FACE RECOGNITION BASED ON TEXTURE ANALYSIS USING ROBUST LOCAL BINARY PATTERN

NAGARAJA S.1, PRABHAKAR C.J.2
1Department of P.G. Studies and Research in Computer Science, Kuvempu University, Shankaraghatta- 577 451, Karnataka, India.
2Department of P.G. Studies and Research in Computer Science, Kuvempu University, Shankaraghatta- 577 451, Karnataka, India.

Received : 27-11-2013     Accepted : 24-12-2013     Published : 28-12-2013
Volume : 3     Issue : 1       Pages : 97 - 102
J Mach Learn Tech 3.1 (2013):97-102

Cite - MLA : NAGARAJA S. and PRABHAKAR C.J. "FACE RECOGNITION BASED ON TEXTURE ANALYSIS USING ROBUST LOCAL BINARY PATTERN." Journal of Machine Learning Technologies 3.1 (2013):97-102.

Cite - APA : NAGARAJA S., PRABHAKAR C.J. (2013). FACE RECOGNITION BASED ON TEXTURE ANALYSIS USING ROBUST LOCAL BINARY PATTERN. Journal of Machine Learning Technologies, 3 (1), 97-102.

Cite - Chicago : NAGARAJA S. and PRABHAKAR C.J. "FACE RECOGNITION BASED ON TEXTURE ANALYSIS USING ROBUST LOCAL BINARY PATTERN." Journal of Machine Learning Technologies 3, no. 1 (2013):97-102.

Copyright : © 2013, NAGARAJA S. and PRABHAKAR C.J., Published by Bioinfo Publications. This is an subscription based article distributed under the terms of the Creative Commons Attribution License, in which, you may not use the material for commercial purposes, you may not distribute the modified material.

Abstract

In this paper, we proposed a technique for face Recognition based on texture analysis using Robust Local Binary Pattern (RLBP).

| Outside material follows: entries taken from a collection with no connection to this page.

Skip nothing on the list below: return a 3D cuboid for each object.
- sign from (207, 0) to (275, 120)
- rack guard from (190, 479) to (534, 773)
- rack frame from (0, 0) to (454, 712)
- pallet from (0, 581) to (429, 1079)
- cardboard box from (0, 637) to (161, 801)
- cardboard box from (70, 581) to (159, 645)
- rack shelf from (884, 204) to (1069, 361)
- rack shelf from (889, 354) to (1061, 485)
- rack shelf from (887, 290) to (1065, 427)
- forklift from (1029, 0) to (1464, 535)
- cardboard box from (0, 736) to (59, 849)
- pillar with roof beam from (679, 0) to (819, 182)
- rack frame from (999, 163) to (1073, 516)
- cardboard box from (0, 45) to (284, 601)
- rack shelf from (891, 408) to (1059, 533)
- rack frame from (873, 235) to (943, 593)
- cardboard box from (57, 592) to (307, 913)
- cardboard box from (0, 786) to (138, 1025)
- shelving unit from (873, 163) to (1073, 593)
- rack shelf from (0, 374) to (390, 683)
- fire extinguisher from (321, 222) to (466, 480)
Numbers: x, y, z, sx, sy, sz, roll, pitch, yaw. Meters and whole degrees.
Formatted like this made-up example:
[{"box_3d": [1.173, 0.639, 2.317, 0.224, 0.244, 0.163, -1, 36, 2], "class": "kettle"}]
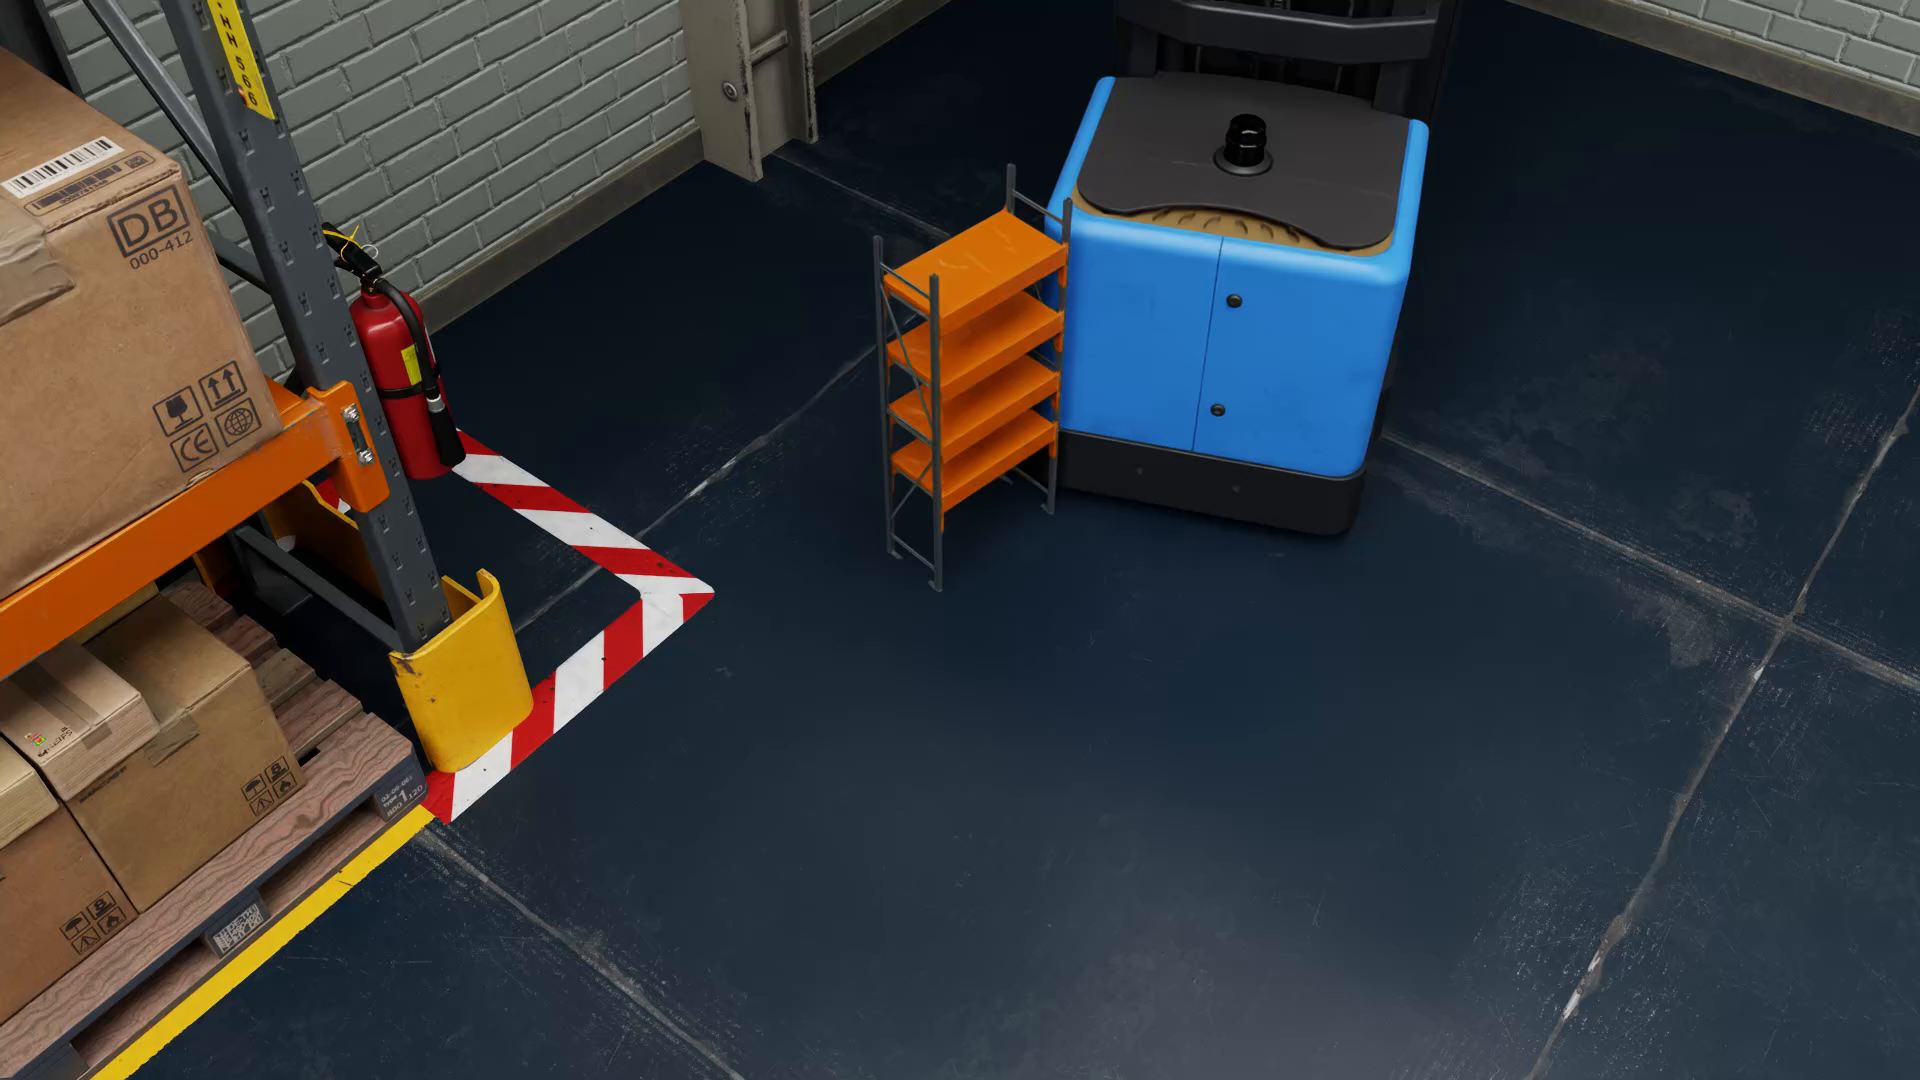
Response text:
[{"box_3d": [-1.363, -0.944, 3.113, 0.100, 0.325, 0.005, 29, 53, 25], "class": "sign"}, {"box_3d": [-1.769, 0.139, 4.771, 1.175, 0.500, 0.348, 29, 53, 25], "class": "rack guard"}, {"box_3d": [-1.784, -0.710, 3.854, 1.000, 3.000, 0.127, 29, 53, 25], "class": "rack frame"}, {"box_3d": [-2.211, 0.745, 4.393, 1.003, 0.211, 1.213, 29, 53, 25], "class": "pallet"}, {"box_3d": [-2.067, 0.383, 3.800, 0.380, 0.149, 0.250, 29, 53, 25], "class": "cardboard box"}, {"box_3d": [-2.215, 0.069, 4.100, 0.380, 0.149, 0.250, 30, 53, 25], "class": "cardboard box"}, {"box_3d": [0.038, -0.710, 4.555, 0.480, 0.148, 0.258, -34, 55, -28], "class": "rack shelf"}, {"box_3d": [0.038, -0.392, 4.888, 0.480, 0.148, 0.258, -34, 55, -28], "class": "rack shelf"}, {"box_3d": [0.038, -0.547, 4.726, 0.480, 0.148, 0.258, -34, 55, -28], "class": "rack shelf"}, {"box_3d": [1.101, -2.115, 5.244, 1.130, 2.935, 3.031, 11, 47, 10], "class": "forklift"}, {"box_3d": [-2.223, 0.529, 3.660, 0.380, 0.149, 0.250, 31, 54, 26], "class": "cardboard box"}, {"box_3d": [2.589, -2.807, 1.708, 9.100, 9.000, 0.400, 29, 53, 25], "class": "pillar with roof beam"}, {"box_3d": [0.216, -0.559, 4.954, 0.015, 1.200, 0.240, -34, 55, -28], "class": "rack frame"}, {"box_3d": [-2.088, -0.518, 3.463, 0.980, 0.700, 0.700, 32, 54, 27], "class": "cardboard box"}, {"box_3d": [0.038, -0.255, 5.031, 0.480, 0.148, 0.258, -34, 55, -28], "class": "rack shelf"}, {"box_3d": [-0.141, -0.318, 4.724, 0.015, 1.200, 0.240, -34, 55, -28], "class": "rack frame"}, {"box_3d": [-2.133, 0.453, 4.181, 0.700, 0.500, 0.500, 29, 53, 25], "class": "cardboard box"}, {"box_3d": [-2.439, 0.739, 3.908, 0.700, 0.500, 0.500, 29, 53, 25], "class": "cardboard box"}, {"box_3d": [0.038, -0.438, 4.839, 0.503, 1.200, 0.258, -34, 55, -28], "class": "shelving unit"}, {"box_3d": [-3.007, 0.682, 3.021, 1.077, 0.370, 4.000, 29, 53, 25], "class": "rack shelf"}, {"box_3d": [-1.327, -0.437, 3.905, 0.296, 0.674, 0.183, 29, 53, 25], "class": "fire extinguisher"}]

The major demerits of original Local Binary Pattern (LBP) based face recognition methods is that they are sensitive to noise and two different structural patterns produce same LBP code. In order to overcome these demerits, we proposed to adapt RLBP for face recognition, in which the value of each centre pixel in a 3x3 local area of the image is replaced by its average local gray level. Compared to gray value, average local gray level is more robust to noise and illumination variants. The experiments are conducted on face images of two popular face databases such as ORL and Yale. Support vector machine (SVM) classifier is used for classification. The proposed method can achieve good results on ORL and Yale database of face.